**BRIEF**
In the records below, find the lines that include "drawing" and copy each.

***** GIVEN ENTRIES *****

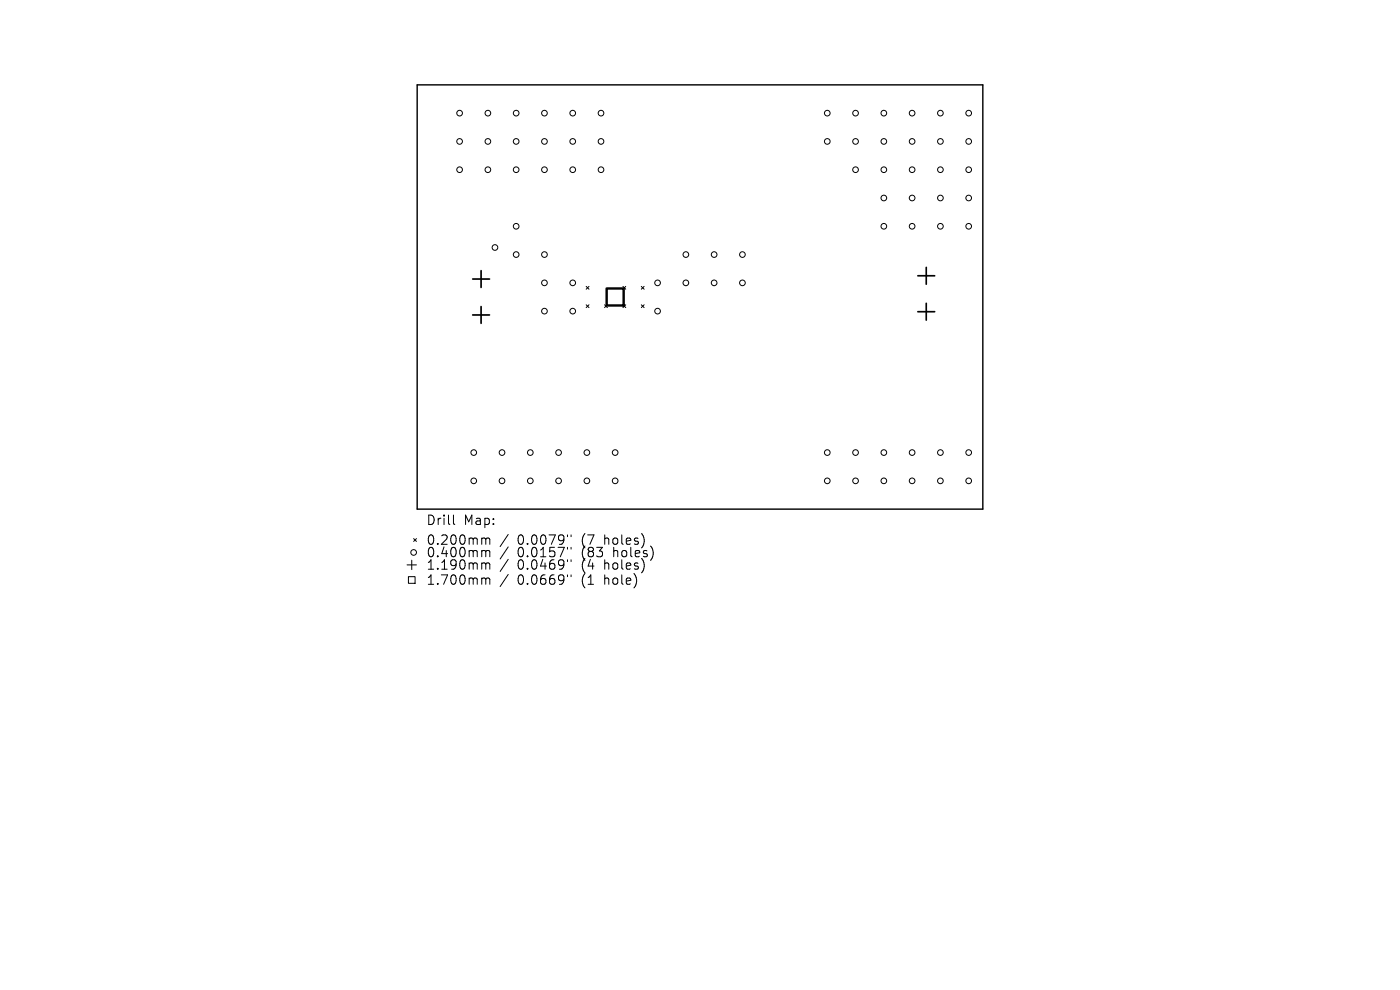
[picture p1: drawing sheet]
<svg xmlns="http://www.w3.org/2000/svg" width="297mm" height="210mm" viewBox="0 0 297 210" stroke-linecap="round" stroke-linejoin="round" font-family="sans-serif">
<defs><g id="words">
<g font-size="2.8">
<text x="90.4" y="111.7">Drill</text>
<text x="98.4" y="111.7">Map:</text>
<text x="90.4" y="115.9">0.200mm</text>
<text x="90.4" y="118.5">0.400mm</text>
<text x="109.8" y="115.9">0.0079&quot;</text>
<text x="109.8" y="118.5">0.0157&quot;</text>
<text x="123.5" y="115.9">(7</text>
<text x="123.5" y="118.5">(83</text>
<text x="128.5" y="115.9">holes)</text>
<text x="130.4" y="118.5">holes)</text>
<text x="90.4" y="121.1">1.190mm</text>
<text x="90.4" y="124.3">1.700mm</text>
<text x="109.8" y="121.1">0.0469&quot;</text>
<text x="109.8" y="124.3">0.0669&quot;</text>
<text x="123.5" y="121.1">(4</text>
<text x="123.5" y="124.3">(1</text>
<text x="128.5" y="121.1">holes)</text>
<text x="128.5" y="124.3">hole)</text>
</g>
</g></defs>
<path d="M88.5 18h120v90h-120z" fill="none" stroke="#000" stroke-width=".3"/>
<g fill="none" stroke="#000" stroke-width=".21">
<path d="M124.4 60.8l.6 .6M124.4 64.7l.6 .6M125 60.8l-.6 .6M125 64.7l-.6 .6M128.3 64.7l.6 .6M128.9 64.7l-.6 .6M132.2 60.8l.6 .6M132.2 64.7l.6 .6M132.8 60.8l-.6 .6M132.8 64.7l-.6 .6M136.1 64.7l.6 .6M136.1 60.8l.6 .6"/>
<path d="M136.7 60.8l-.6 .6M136.7 64.7l-.6 .6M86.4 119.8h2M87.4 118.8v2M87.8 114.3l.6 .6M88.4 114.3l-.6 .6M96.2 109.3v1.7l.3 .3M102.5 114.1h.3l.3 .3M102.5 116.8h.3l.3 .3M102.5 119.4h.3l.3 .3M103.1 114.4l.2-.3 .5 .1 .1 1.3M103.1 114.4v1.1"/>
<path d="M103.1 117.1v1M103.1 119.7v1M103.1 117.1l.2-.3 .5 .1 .1 1.2M103.1 119.7l.2-.3 .5 .1 .1 1.2M107.8 113.4l-1.7 2.5M107.8 116l-1.7 2.6M107.8 118.7l-1.7 2.5M120.4 113.5v.3M120.4 116.1v.4M120.4 118.7v.4M121.1 113.5v.3M121.1 116.1v.4"/>
<path d="M121.1 118.7v.4M86.6 122.3h1.5v1.4h-1.5zM102.5 122.6h.3l.3 .3M103.1 122.9v1M103.1 122.9l.2-.3 .5 .1 .1 1.2M107.8 121.9l-1.7 2.5M120.4 121.9v.4M121.1 121.9v.4"/>
<circle cx="97.5" cy="36" r=".6"/>
<circle cx="97.5" cy="30" r=".6"/>
<circle cx="97.5" cy="24" r=".6"/>
<circle cx="103.5" cy="36" r=".6"/>
<circle cx="103.5" cy="30" r=".6"/>
<circle cx="103.5" cy="24" r=".6"/>
<circle cx="109.5" cy="36" r=".6"/>
<circle cx="109.5" cy="30" r=".6"/>
<circle cx="109.5" cy="24" r=".6"/>
<circle cx="115.5" cy="36" r=".6"/>
<circle cx="115.5" cy="30" r=".6"/>
<circle cx="115.5" cy="24" r=".6"/>
<circle cx="121.5" cy="36" r=".6"/>
<circle cx="121.5" cy="30" r=".6"/>
<circle cx="121.5" cy="24" r=".6"/>
<circle cx="127.5" cy="36" r=".6"/>
<circle cx="127.5" cy="30" r=".6"/>
<circle cx="127.5" cy="24" r=".6"/>
<circle cx="175.5" cy="30" r=".6"/>
<circle cx="175.5" cy="24" r=".6"/>
<circle cx="181.5" cy="36" r=".6"/>
<circle cx="181.5" cy="30" r=".6"/>
<circle cx="181.5" cy="24" r=".6"/>
<circle cx="187.5" cy="36" r=".6"/>
<circle cx="187.5" cy="30" r=".6"/>
<circle cx="187.5" cy="24" r=".6"/>
<circle cx="193.5" cy="36" r=".6"/>
<circle cx="193.5" cy="30" r=".6"/>
<circle cx="193.5" cy="24" r=".6"/>
<circle cx="199.5" cy="36" r=".6"/>
<circle cx="199.5" cy="30" r=".6"/>
<circle cx="199.5" cy="24" r=".6"/>
<circle cx="205.5" cy="36" r=".6"/>
<circle cx="205.5" cy="30" r=".6"/>
<circle cx="205.5" cy="24" r=".6"/>
<circle cx="105" cy="52.5" r=".6"/>
<circle cx="109.5" cy="54" r=".6"/>
<circle cx="109.5" cy="48" r=".6"/>
<circle cx="115.5" cy="54" r=".6"/>
<circle cx="145.5" cy="54" r=".6"/>
<circle cx="151.5" cy="54" r=".6"/>
<circle cx="157.5" cy="54" r=".6"/>
<circle cx="187.5" cy="48" r=".6"/>
<circle cx="187.5" cy="42" r=".6"/>
<circle cx="193.5" cy="48" r=".6"/>
<circle cx="193.5" cy="42" r=".6"/>
<circle cx="199.5" cy="48" r=".6"/>
<circle cx="199.5" cy="42" r=".6"/>
<circle cx="205.5" cy="48" r=".6"/>
<circle cx="205.5" cy="42" r=".6"/>
<circle cx="115.5" cy="60" r=".6"/>
<circle cx="115.5" cy="66" r=".6"/>
<circle cx="121.5" cy="60" r=".6"/>
<circle cx="121.5" cy="66" r=".6"/>
<circle cx="139.5" cy="60" r=".6"/>
<circle cx="139.5" cy="66" r=".6"/>
<circle cx="145.5" cy="60" r=".6"/>
<circle cx="151.5" cy="60" r=".6"/>
<circle cx="157.5" cy="60" r=".6"/>
<circle cx="100.5" cy="96" r=".6"/>
<circle cx="106.5" cy="96" r=".6"/>
<circle cx="112.5" cy="96" r=".6"/>
<circle cx="118.5" cy="96" r=".6"/>
<circle cx="124.5" cy="96" r=".6"/>
<circle cx="130.5" cy="96" r=".6"/>
<circle cx="175.5" cy="96" r=".6"/>
<circle cx="181.5" cy="96" r=".6"/>
<circle cx="187.5" cy="96" r=".6"/>
<circle cx="193.5" cy="96" r=".6"/>
<circle cx="199.5" cy="96" r=".6"/>
<circle cx="205.5" cy="96" r=".6"/>
<circle cx="87.8" cy="117.2" r=".6"/>
<circle cx="100.5" cy="102" r=".6"/>
<circle cx="106.5" cy="102" r=".6"/>
<circle cx="112.5" cy="102" r=".6"/>
<circle cx="118.5" cy="102" r=".6"/>
<circle cx="124.5" cy="102" r=".6"/>
<circle cx="130.5" cy="102" r=".6"/>
<circle cx="175.5" cy="102" r=".6"/>
<circle cx="181.5" cy="102" r=".6"/>
<circle cx="187.5" cy="102" r=".6"/>
<circle cx="193.5" cy="102" r=".6"/>
<circle cx="199.5" cy="102" r=".6"/>
<circle cx="205.5" cy="102" r=".6"/>
</g>
<path d="M100.3 59.2h3.5M102.1 57.4v3.6M194.7 58.5h3.6M196.5 56.7v3.6M100.3 66.8h3.5M102.1 65v3.6M194.7 66.1h3.6M196.5 64.3v3.6" fill="none" stroke="#000" stroke-width=".36"/>
<path d="M128.7 61.2h3.6v3.6h-3.6z" fill="none" stroke="#000" stroke-width=".51"/>
<use href="#words"/>
</svg>
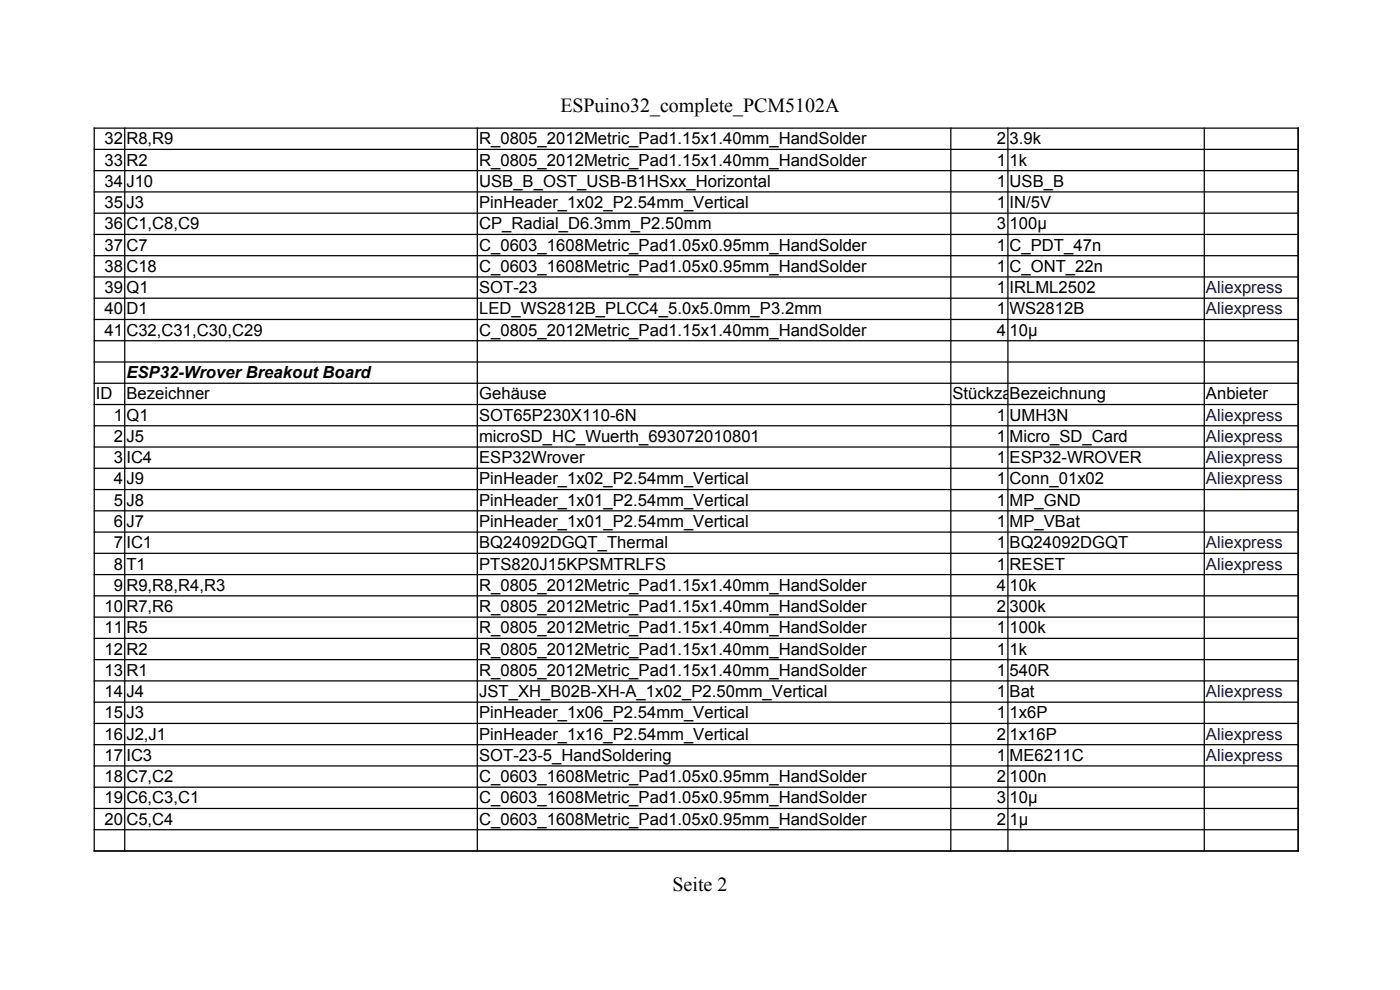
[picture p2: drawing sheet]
<svg xmlns="http://www.w3.org/2000/svg" width="297mm" height="210mm" viewBox="0 0 297 210" stroke-linecap="round" stroke-linejoin="round" font-family="sans-serif">
<defs><g id="words">
<g font-size="4.2">
<text x="118.9" y="23.8">ESPuino32_complete_PCM5102A</text>
<text x="142.7" y="189.1">Seite 2</text>
</g>
<g font-size="3.5">
<text x="22.1" y="30.6">32</text>
<text x="22.1" y="35.1">33</text>
<text x="26.8" y="30.6">R8,R9</text>
<text x="26.8" y="35.1">R2</text>
<text x="101.6" y="30.6">R_0805_2012Metric_Pad1.15x1.40mm_HandSolder</text>
<text x="101.6" y="35.1">R_0805_2012Metric_Pad1.15x1.40mm_HandSolder</text>
<text x="211.5" y="30.6">2</text>
<text x="211.5" y="35.1">1</text>
<text x="214.2" y="30.6">3.9k</text>
<text x="214.2" y="35.1">1k</text>
<text x="22.1" y="39.6">34</text>
<text x="26.8" y="39.6">J10</text>
<text x="101.6" y="39.6">USB_B_OST_USB-B1HSxx_Horizontal</text>
<text x="211.5" y="39.6">1</text>
<text x="214.2" y="39.6">USB_B</text>
<text x="22.1" y="44.1">35</text>
<text x="26.8" y="44.1">J3</text>
<text x="101.6" y="44.1">PinHeader_1x02_P2.54mm_Vertical</text>
<text x="211.5" y="44.1">1</text>
<text x="214.2" y="44.1">IN/5V</text>
<text x="22.1" y="48.7">36</text>
<text x="22.1" y="53.2">37</text>
<text x="26.8" y="48.7">C1,C8,C9</text>
<text x="26.8" y="53.2">C7</text>
<text x="101.6" y="48.7">CP_Radial_D6.3mm_P2.50mm</text>
<text x="101.6" y="53.2">C_0603_1608Metric_Pad1.05x0.95mm_HandSolder</text>
<text x="211.5" y="48.7">3</text>
<text x="211.5" y="53.2">1</text>
<text x="214.2" y="48.7">100µ</text>
<text x="214.2" y="53.2">C_PDT_47n</text>
<text x="22.1" y="57.7">38</text>
<text x="26.8" y="57.7">C18</text>
<text x="101.6" y="57.7">C_0603_1608Metric_Pad1.05x0.95mm_HandSolder</text>
<text x="211.5" y="57.7">1</text>
<text x="214.2" y="57.7">C_ONT_22n</text>
<text x="22.1" y="62.2">39</text>
<text x="26.8" y="62.2">Q1</text>
<text x="101.6" y="62.2">SOT-23</text>
<text x="211.5" y="62.2">1</text>
<text x="214.2" y="62.2">IRLML2502</text>
<text x="22.1" y="66.7">40</text>
<text x="22.1" y="71.2">41</text>
<text x="26.8" y="66.7">D1</text>
<text x="26.8" y="71.2">C32,C31,C30,C29</text>
<text x="101.6" y="66.7">LED_WS2812B_PLCC4_5.0x5.0mm_P3.2mm</text>
<text x="101.6" y="71.2">C_0805_2012Metric_Pad1.15x1.40mm_HandSolder</text>
<text x="211.5" y="66.7">1</text>
<text x="211.5" y="71.2">4</text>
<text x="214.2" y="66.7">WS2812B</text>
<text x="214.2" y="71.2">10µ</text>
<text x="26.8" y="80.2">ESP32-Wrover Breakout Board</text>
<text x="20.4" y="84.7">ID</text>
<text x="24.1" y="89.3">1</text>
<text x="26.8" y="84.7">Bezeichner</text>
<text x="26.8" y="89.3">Q1</text>
<text x="101.6" y="84.7">Gehäuse</text>
<text x="101.6" y="89.3">SOT65P230X110-6N</text>
<text x="202.1" y="84.7">Stückza</text>
<text x="211.5" y="89.3">1</text>
<text x="214.2" y="84.7">Bezeichnung</text>
<text x="214.2" y="89.3">UMH3N</text>
<text x="255.8" y="84.7">Anbieter</text>
<text x="24.1" y="93.7">2</text>
<text x="26.8" y="93.7">J5</text>
<text x="101.6" y="93.7">microSD_HC_Wuerth_693072010801</text>
<text x="211.5" y="93.7">1</text>
<text x="214.2" y="93.7">Micro_SD_Card</text>
<text x="24.1" y="98.3">3</text>
<text x="26.8" y="98.3">IC4</text>
<text x="101.6" y="98.3">ESP32Wrover</text>
<text x="211.5" y="98.3">1</text>
<text x="214.2" y="98.3">ESP32-WROVER</text>
<text x="24.1" y="102.8">4</text>
<text x="24.1" y="107.3">5</text>
<text x="26.8" y="102.8">J9</text>
<text x="26.8" y="107.3">J8</text>
<text x="101.6" y="102.8">PinHeader_1x02_P2.54mm_Vertical</text>
<text x="101.6" y="107.3">PinHeader_1x01_P2.54mm_Vertical</text>
<text x="211.5" y="102.8">1</text>
<text x="211.5" y="107.3">1</text>
<text x="214.2" y="102.8">Conn_01x02</text>
<text x="214.2" y="107.3">MP_GND</text>
<text x="24.1" y="111.8">6</text>
<text x="26.8" y="111.8">J7</text>
<text x="101.6" y="111.8">PinHeader_1x01_P2.54mm_Vertical</text>
<text x="211.5" y="111.8">1</text>
<text x="214.2" y="111.8">MP_VBat</text>
<text x="24.1" y="116.3">7</text>
<text x="26.8" y="116.3">IC1</text>
<text x="101.6" y="116.3">BQ24092DGQT_Thermal</text>
<text x="211.5" y="116.3">1</text>
<text x="214.2" y="116.3">BQ24092DGQT</text>
<text x="24.1" y="120.8">8</text>
<text x="24.1" y="125.3">9</text>
<text x="26.8" y="120.8">T1</text>
<text x="26.8" y="125.3">R9,R8,R4,R3</text>
<text x="101.6" y="120.8">PTS820J15KPSMTRLFS</text>
<text x="101.6" y="125.3">R_0805_2012Metric_Pad1.15x1.40mm_HandSolder</text>
<text x="211.5" y="120.8">1</text>
<text x="211.5" y="125.3">4</text>
<text x="214.2" y="120.8">RESET</text>
<text x="214.2" y="125.3">10k</text>
<text x="22.1" y="129.8">10</text>
<text x="26.8" y="129.8">R7,R6</text>
<text x="101.6" y="129.8">R_0805_2012Metric_Pad1.15x1.40mm_HandSolder</text>
<text x="211.5" y="129.8">2</text>
<text x="214.2" y="129.8">300k</text>
<text x="22.1" y="134.3">11</text>
<text x="26.8" y="134.3">R5</text>
<text x="101.6" y="134.3">R_0805_2012Metric_Pad1.15x1.40mm_HandSolder</text>
<text x="211.5" y="134.3">1</text>
<text x="214.2" y="134.3">100k</text>
<text x="22.1" y="138.9">12</text>
<text x="22.1" y="143.4">13</text>
<text x="26.8" y="138.9">R2</text>
<text x="26.8" y="143.4">R1</text>
<text x="101.6" y="138.9">R_0805_2012Metric_Pad1.15x1.40mm_HandSolder</text>
<text x="101.6" y="143.4">R_0805_2012Metric_Pad1.15x1.40mm_HandSolder</text>
<text x="211.5" y="138.9">1</text>
<text x="211.5" y="143.4">1</text>
<text x="214.2" y="138.9">1k</text>
<text x="214.2" y="143.4">540R</text>
<text x="22.1" y="147.9">14</text>
<text x="26.8" y="147.9">J4</text>
<text x="101.6" y="147.9">JST_XH_B02B-XH-A_1x02_P2.50mm_Vertical</text>
<text x="211.5" y="147.9">1</text>
<text x="214.2" y="147.9">Bat</text>
<text x="22.1" y="152.4">15</text>
<text x="26.8" y="152.4">J3</text>
<text x="101.6" y="152.4">PinHeader_1x06_P2.54mm_Vertical</text>
<text x="211.5" y="152.4">1</text>
<text x="214.2" y="152.4">1x6P</text>
<text x="22.1" y="156.9">16</text>
<text x="22.1" y="161.4">17</text>
<text x="26.8" y="156.9">J2,J1</text>
<text x="26.8" y="161.4">IC3</text>
<text x="101.6" y="156.9">PinHeader_1x16_P2.54mm_Vertical</text>
<text x="101.6" y="161.4">SOT-23-5_HandSoldering</text>
<text x="211.5" y="156.9">2</text>
<text x="211.5" y="161.4">1</text>
<text x="214.2" y="156.9">1x16P</text>
<text x="214.2" y="161.4">ME6211C</text>
<text x="22.1" y="165.9">18</text>
<text x="26.8" y="165.9">C7,C2</text>
<text x="101.6" y="165.9">C_0603_1608Metric_Pad1.05x0.95mm_HandSolder</text>
<text x="211.5" y="165.9">2</text>
<text x="214.2" y="165.9">100n</text>
<text x="22.1" y="170.4">19</text>
<text x="26.8" y="170.4">C6,C3,C1</text>
<text x="101.6" y="170.4">C_0603_1608Metric_Pad1.05x0.95mm_HandSolder</text>
<text x="211.5" y="170.4">3</text>
<text x="214.2" y="170.4">10µ</text>
<text x="22.1" y="174.9">20</text>
<text x="26.8" y="174.9">C5,C4</text>
<text x="101.6" y="174.9">C_0603_1608Metric_Pad1.05x0.95mm_HandSolder</text>
<text x="211.5" y="174.9">2</text>
<text x="214.2" y="174.9">1µ</text>
</g>
<g font-size="3.5" fill="#000080">
<text x="255.8" y="62.2">Aliexpress</text>
<text x="255.8" y="66.7">Aliexpress</text>
<text x="255.8" y="89.3">Aliexpress</text>
<text x="255.8" y="93.8">Aliexpress</text>
<text x="255.8" y="98.3">Aliexpress</text>
<text x="255.8" y="102.8">Aliexpress</text>
<text x="255.8" y="116.3">Aliexpress</text>
<text x="255.8" y="120.8">Aliexpress</text>
<text x="255.8" y="147.9">Aliexpress</text>
<text x="255.8" y="156.9">Aliexpress</text>
<text x="255.8" y="161.4">Aliexpress</text>
</g>
</g></defs>
<g fill="none" stroke="#000" stroke-width=".26">
<path d="M19.9 27.2h255.6M19.9 31.7h255.6M19.9 36.2h255.6M20 27.1v153.6M26.5 27.1v153.6M101.3 27.1v153.6M201.7 27.1v153.6M213.8 27.1v153.6M255.5 27.1v153.6M275.4 27.1v153.6M19.9 40.7h255.6M19.9 45.2h255.6"/>
<path d="M19.9 49.7h255.6M19.9 54.2h255.6M19.9 58.8h255.6M19.9 63.3h255.6M19.9 67.8h255.6M19.9 72.3h255.6M19.9 76.8h255.6M19.9 81.3h255.6M19.9 85.8h255.6M19.9 90.3h255.6M19.9 94.8h255.6M19.9 99.3h255.6"/>
<path d="M19.9 103.9h255.6M19.9 108.4h255.6M19.9 112.9h255.6M19.9 117.4h255.6M19.9 121.9h255.6M19.9 126.4h255.6M19.9 130.9h255.6M19.9 135.4h255.6M19.9 139.9h255.6M19.9 144.4h255.6M19.9 149h255.6M19.9 153.5h255.6"/>
<path d="M19.9 158h255.6M19.9 162.5h255.6M19.9 167h255.6M19.9 171.5h255.6M19.9 176h255.6M19.9 180.5h255.6"/>
</g>
<use href="#words"/>
</svg>

*****

**YOUR RESPONSE**
[picture p1: drawing sheet]
[picture p2: drawing sheet]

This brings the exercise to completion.